Auch Julia Schmitt-Thiel, Geschäfstführerin der Mohr-Villa in der Situlistraße 73, findet, Kultur ist und bleibt stets wichtig: "Kunst berührt uns im Innersten. Jeder kennt das Gefühl, wie eine Melodie einen in eine andere Zeit versetzen kann. Wie ein Buch, ein Film oder Theaterstück Tränen in die Augen drückt. Gerade in Zeiten der Unsicherheit und Isolation ist Kunst ein wichtiges Ventil und kann uns helfen, uns in diesen verrückten Zeiten selbst besser zu verstehen."
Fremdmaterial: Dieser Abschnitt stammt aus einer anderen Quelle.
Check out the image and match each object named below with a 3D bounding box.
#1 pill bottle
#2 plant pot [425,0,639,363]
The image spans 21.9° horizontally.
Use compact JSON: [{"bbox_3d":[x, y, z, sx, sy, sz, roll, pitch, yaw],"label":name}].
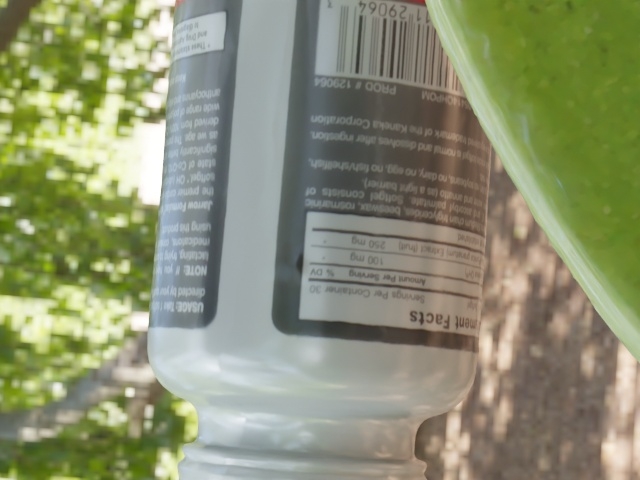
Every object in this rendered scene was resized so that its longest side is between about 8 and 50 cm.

Die größte Herausforderung seien die ständig wechselnden Vorgaben aus der bayerischen Staatsregierung, sagt die Freimannerin. "Lange gab es große Unsicherheiten, was überhaupt wieder möglich ist, dann kamen im Juni die Änderungen im 3-Tage-Takt. Jetzt im Herbst kommen die Einschränkungen noch willkürlicher und gipfelten in der Schließung sämtlicher Kultur-Orte!", lässt sie ihren Frust aus.

"Die Stimmung kippt"

Dass die Künstlerinnen und Künstler zum Teil existenzielle Sorgen haben, weiß auch sie. "Sie suchen nach kreativen Wegen, ihrem Broterwerb weiter nachzugehen, aber es war auch unter den Lockerungen im Sommer sehr, sehr schwierig. Wirtschaftlich arbeiten war so gut wie unmöglich. Jetzt mit dem erneuten Lockdown kippt die Stimmung. Viele verstehen nicht, warum wieder die Kunst und Kultur als Erstes zurückstecken muss, obwohl es wenig bis keine Hinweise gibt, dass Theater, Lesungen und bestuhlte Konzerte Infektionen gefördert hätten. Im Gegenteil, die sorgfältigen Konzepte haben vielleicht sogar zu mehr Abstand und damit mehr Sicherheit geführt!", fügt sie hinzu. Ob die aktuellen Radikal-Maßnahmen den erhofften Erfolg mit sich bringen, damit die Kulturhäuser bald wieder öffnen können, und wie viel Kreativität diese noch an den Tag legen müssen, bleibt abzuwarten.